Dans ce formidable élan libérateur du « Hirak », il s’en trouve que la justice a brisé les chaînes, où elle fut longtemps prise en tenaille par ce système prédateur, corrupteur et corrompu. La traque des grosses fortunes suspectées de fraude et d’illégalité n’est plus une vue de l’esprit, c’est une réalité qui se déroule devant de millions d’Algériens qui demandent justice. Une justice qui, sous la pression du «HIRAK », déclenche une vaste opération «main propre» contre l’argent sale des hommes d’affaires et autres oligarques qui ont construit des empires financiers sur le dos des Algériens avec la complicité des hommes du pouvoir. Autrement dit des décideurs, ceux qui avaient le pouvoir de faire et de défaire comme bon leur semble, croyant que le pays était une propriété privée qui leur appartient sans partage.
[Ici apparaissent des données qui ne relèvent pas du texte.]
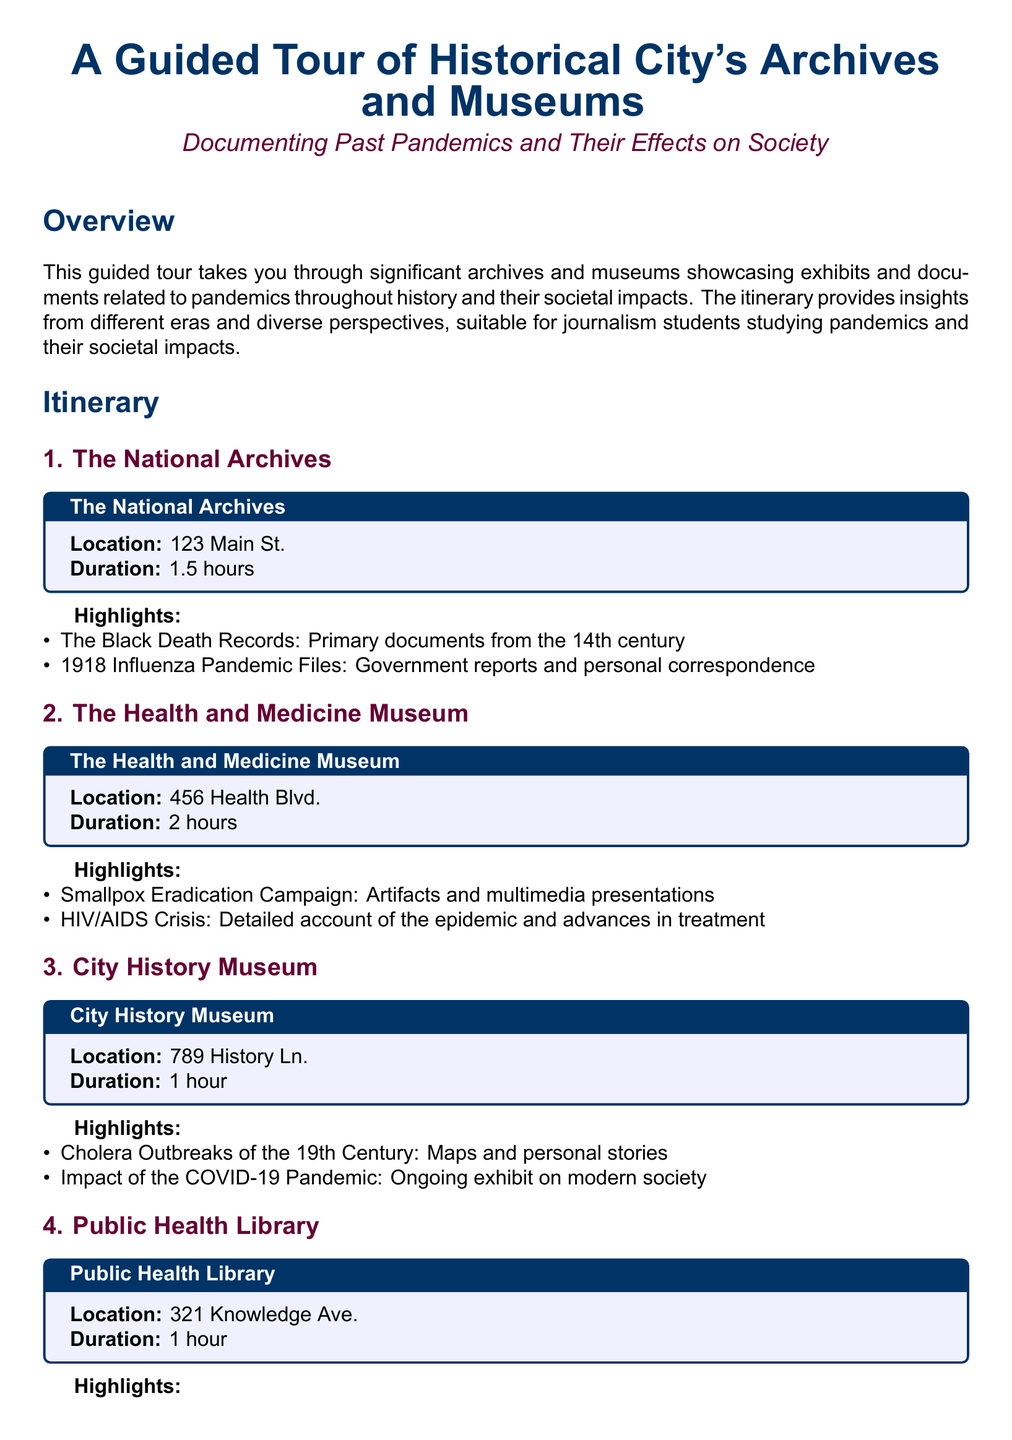What is the location of The National Archives? The document provides the address for The National Archives as 123 Main St.
Answer: 123 Main St How long is the visit to the Health and Medicine Museum? The itinerary states that the visit to the Health and Medicine Museum lasts for 2 hours.
Answer: 2 hours What pandemic is detailed in the HIV/AIDS Crisis exhibit? The document specifies that the exhibit at the Health and Medicine Museum is about the HIV/AIDS Crisis.
Answer: HIV/AIDS Crisis Which century do the Cholera Outbreaks covered in the City History Museum belong to? The itinerary mentions that the Cholera Outbreaks of the City History Museum are from the 19th Century.
Answer: 19th Century What type of literature can be found in the Public Health Library? The document indicates that the Public Health Library has a special collection of Pandemic Literature.
Answer: Pandemic Literature What is one highlight from The National Archives? The highlights listed include The Black Death Records as one significant aspect from The National Archives.
Answer: The Black Death Records What are the two main topics covered in the City History Museum? The itinerary lists Cholera Outbreaks of the 19th Century and Impact of the COVID-19 Pandemic as the two main topics.
Answer: Cholera Outbreaks of the 19th Century and Impact of the COVID-19 Pandemic How many hours do the archives and museums take to visit in total? To find the total duration, add the visit lengths: 1.5 hours + 2 hours + 1 hour + 1 hour, resulting in 5.5 hours total.
Answer: 5.5 hours Which archive houses a collection of epidemiological studies? The document identifies the Public Health Library as the location for Epidemiological Studies.
Answer: Public Health Library

Aujourd’hui, force est de dire qu’ après avoir mesuré l’ampleur des irrégularités et des abus, la justice resserre le cordon sur ces milliardaires qui ne sont plus au-dessus de tout soupçon, mais bien impliqués dans des grosses malversations qui ont fait des dégâts abyssaux au Trésor public. Ce à quoi nous assistons aujourd’hui, c’est l’histoire d’une relation compliquée avec l’argent. Celui, volatilisé de l’État algérien, vingt ans durant, fonctionnaires et responsables gouvernementaux ont dépensé sans compter. Vingt années de faste pour les prédateurs des fonds publics, passés sous des financements occultes, qui ont terni le développement du pays et le bien-être des populations. Le tout, favorisé par une manne pétrolière qui leur paraissait éternelle.
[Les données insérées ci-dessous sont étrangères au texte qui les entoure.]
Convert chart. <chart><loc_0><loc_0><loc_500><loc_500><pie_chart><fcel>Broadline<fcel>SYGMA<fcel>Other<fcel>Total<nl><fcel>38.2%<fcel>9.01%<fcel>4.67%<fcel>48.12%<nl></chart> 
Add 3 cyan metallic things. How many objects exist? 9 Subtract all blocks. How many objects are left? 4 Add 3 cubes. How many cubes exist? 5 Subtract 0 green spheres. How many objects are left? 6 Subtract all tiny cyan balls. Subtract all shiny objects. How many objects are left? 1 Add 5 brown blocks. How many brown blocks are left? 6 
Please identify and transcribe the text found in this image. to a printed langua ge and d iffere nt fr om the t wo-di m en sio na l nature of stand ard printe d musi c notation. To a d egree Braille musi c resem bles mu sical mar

Seulement voilà, ces années d’insolentes prospérités et d’insouciance sont devenues un véritable cauchemar pour tous ceux qui ont touché à l’argent du peuple, dont ses richesses ont été dilapidées par des responsables publics qui n’avaient aucune obligation de rendre des comptes, et le cercle de la rapine s’est agrandi pour les copains et les coquins, d’autant qu’aucun objectif précis de développement n’était adossé aux crédit alloués à ces hommes d’affaires, l’argent coulait à flot pour ces nouveaux seigneurs.
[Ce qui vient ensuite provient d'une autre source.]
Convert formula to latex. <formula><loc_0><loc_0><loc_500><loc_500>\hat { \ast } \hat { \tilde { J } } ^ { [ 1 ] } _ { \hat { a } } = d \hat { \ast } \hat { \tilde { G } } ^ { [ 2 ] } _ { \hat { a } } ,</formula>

Ce sont en fait des crimes économiques qui se sont déroulés sous le fondement de « l’omerta ». Le summum de la gabegie, c’est que ces hommes d’affaires, qui n’ont que le nom, professent leurs fortunes attentatoires au su et au vu de tout le monde. C’est ce qui a provoqué le courroux et l’irascibilité du peuple qui exige désormais des comptes à l’encontre de tous les prédateurs, y compris les responsables politiques, coupables de mauvaise gestion, doivent être jugés.
En tout état de cause, la justice a du pain sur la planche, le coût de la fraude généralisée n’a pas encore été cerné, et qui se rapporte aux surfacturations, aux marchés fictifs, aux pratiques abusives dans la passation des marchés publics , créances douteuses détenues par des entreprises sur l’État, abus de pouvoir et d’influence … Reste la question que tout un chacun se pose : quel sort pour ces milliards disparus dans la nature ? Retrouveront t-ils un jour le chemin des caisses de l’État ? L’avenir nous le dira, et à la justice donc de mener sa mission jusqu’au bout.